City hopes challenge to Census Bureau will add 2,400 to Lawrence’s population total

Lawrence’s population mystery soon may be over.

City officials are ready to acknowledge the city’s population didn’t grow as much over the past decade as they once thought — but they still believe the U.S. Census Bureau has undercounted the city’s population by about 2,400 people.

City commissioners at their Tuesday evening meeting will be asked to send an official letter asking the Census Bureau to review evidence gathered by city staff that suggests there were about 90,000 people living in the city in 2010 rather than the official Census count of 87,643.

The appeal could end a multi-year disagreement between the city and the Census on population totals.

“At the end of this process, I think we’re going to be much closer to knowing how many people actually are living in Lawrence,” said Amy Miller, a planner who has been leading the Lawrence-Douglas County Planning Department’s review of the Census numbers.
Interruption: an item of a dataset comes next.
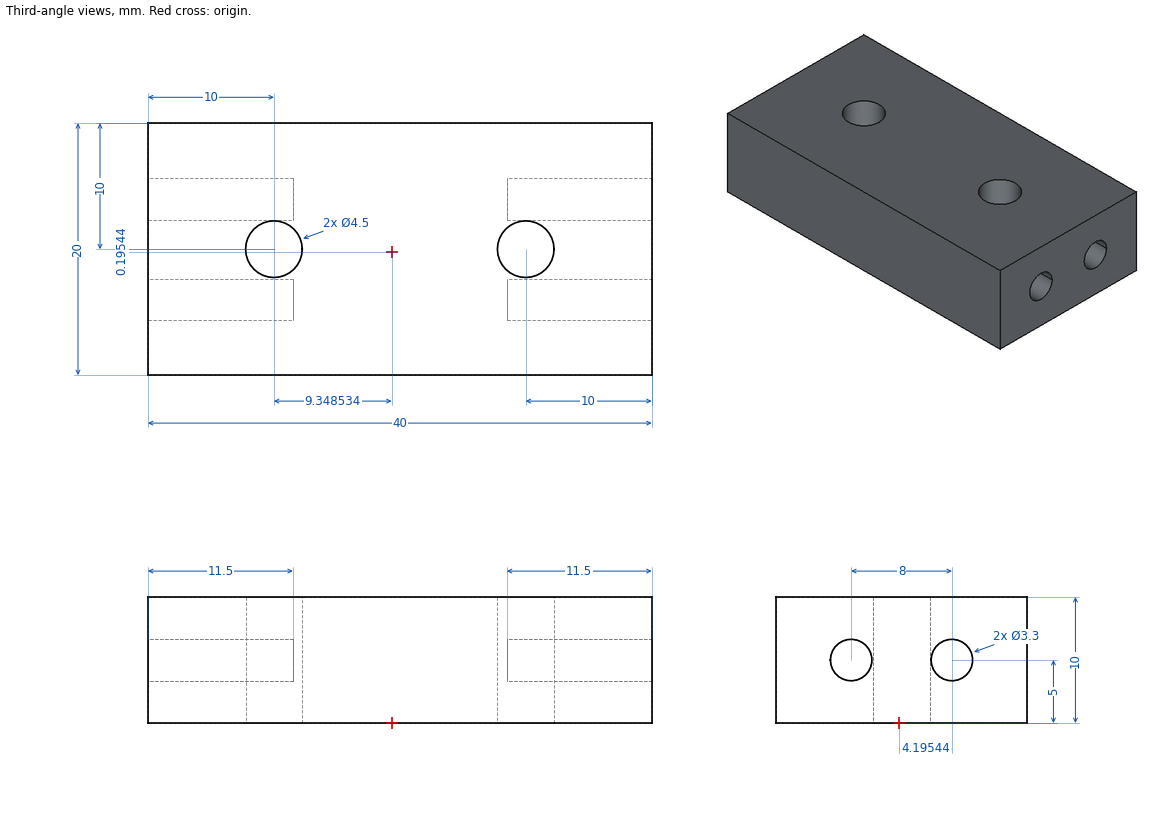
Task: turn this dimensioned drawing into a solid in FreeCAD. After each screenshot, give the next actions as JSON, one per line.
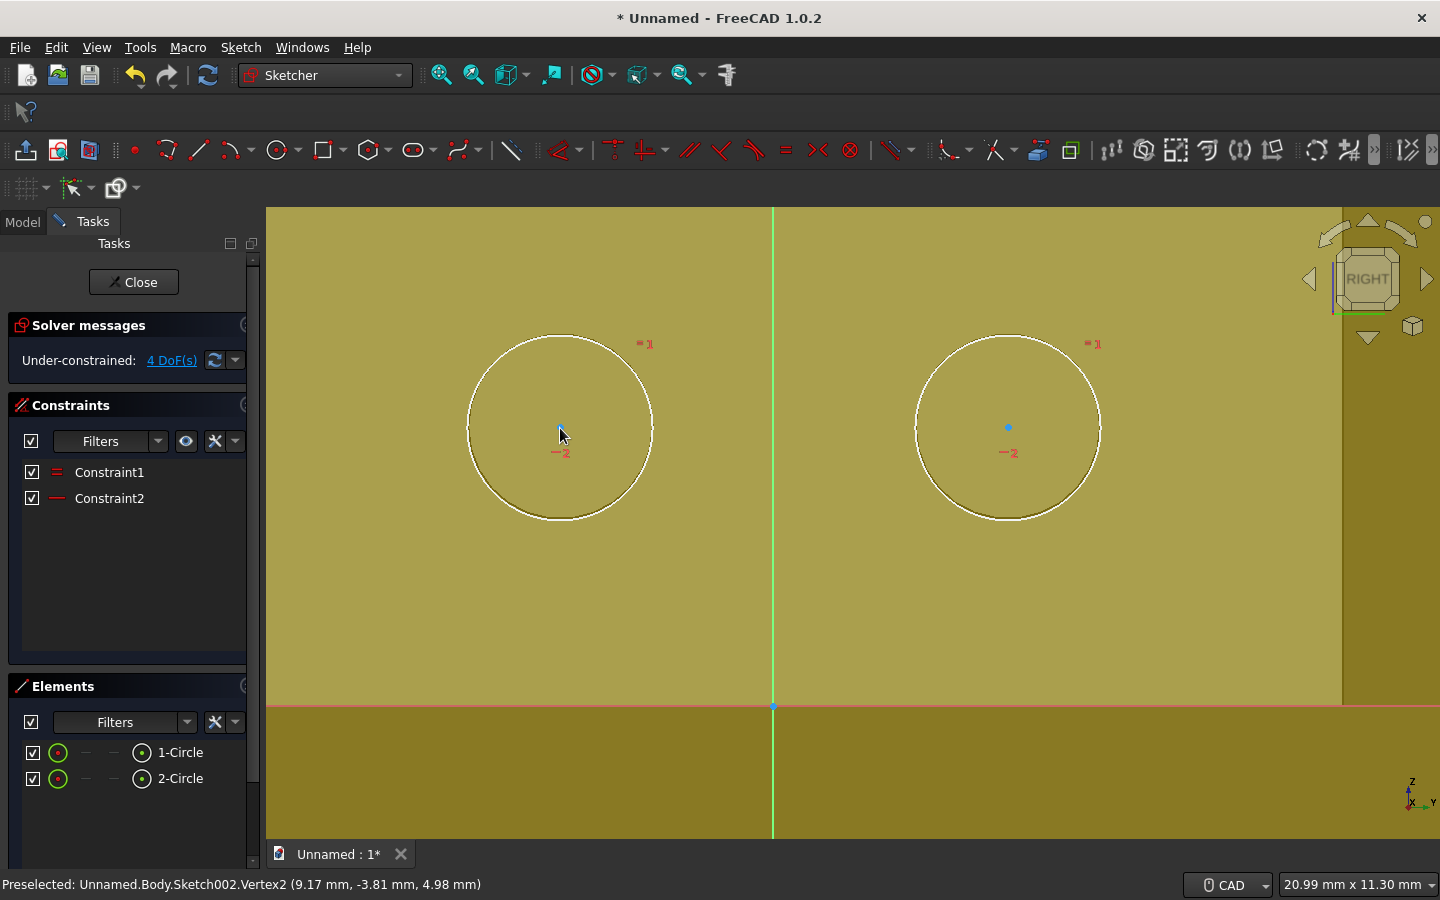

This much already seems certain: There aren’t as many people living in Lawrence as leaders once thought. In 2010, the city’s planning department estimated there were 92,727 people living in the city.

If a number near 90,000 ends up being the new 2010 Census population figure, the city will be about four years behind where it thought it was. The city estimated it cracked the 90,000 barrier in 2006.

Miller said it is important for the city to have an accurate population number because planners rely heavily on the figure for tasks such as transportation planning or planning for new water and sewer infrastructure, which is heavily dependent upon population growth.

In addition, population figures are used to calculate some federal aid and grant programs available to the city.

Miller said he believes the city has a good chance of having its population total adjusted upward. Since late 2011, city staff members have been reviewing building permits, utility bills and data from the Douglas County Appraiser’s office to determine how many housing units exist in specific areas of town.

Staff members honed in on 10 Census tracts where it appeared the Census Bureau had undercounted the number of living units by at least 10 units.

In total, the city is contending the Census Bureau undercounted the number of living units in the city by 593. Miller said the undercounted areas were spread across the city, but she thinks student housing areas may have been more impacted.

“I can’t say for sure, but I think a lot of the discrepancies will be single-family homes that have been converted to multifamily use,” Miller said.

Miller said the city has good documentation about the number of housing units that have been added to the city since 2000, when the previous Census was taken.

As for why the city’s internally produced population estimates appear to have been high, Miller now suspects that the city’s 2000 Census count may have been inflated.

In other words, Lawrence may not have grown as much during the 1990s as the Census Bureau indicated. The city used the 2000 Census population total as a baseline to create population estimates for the following years. If the 2000 Census count was inflated, all of the city’s subsequent population estimates would have been inflated too.

Regardless, even if the Census Bureau revises upward the city’s 2010 population totals, the decade of the 2000s will still go down as one of the slower growth periods for the city.

If the city’s new 2010 population number is at about 90,000 people, the city will have posted population growth of 12.3 percent from 2000 to 2010. In both the 1980s and 1990s, the city’s growth rates were closer to 20 percent.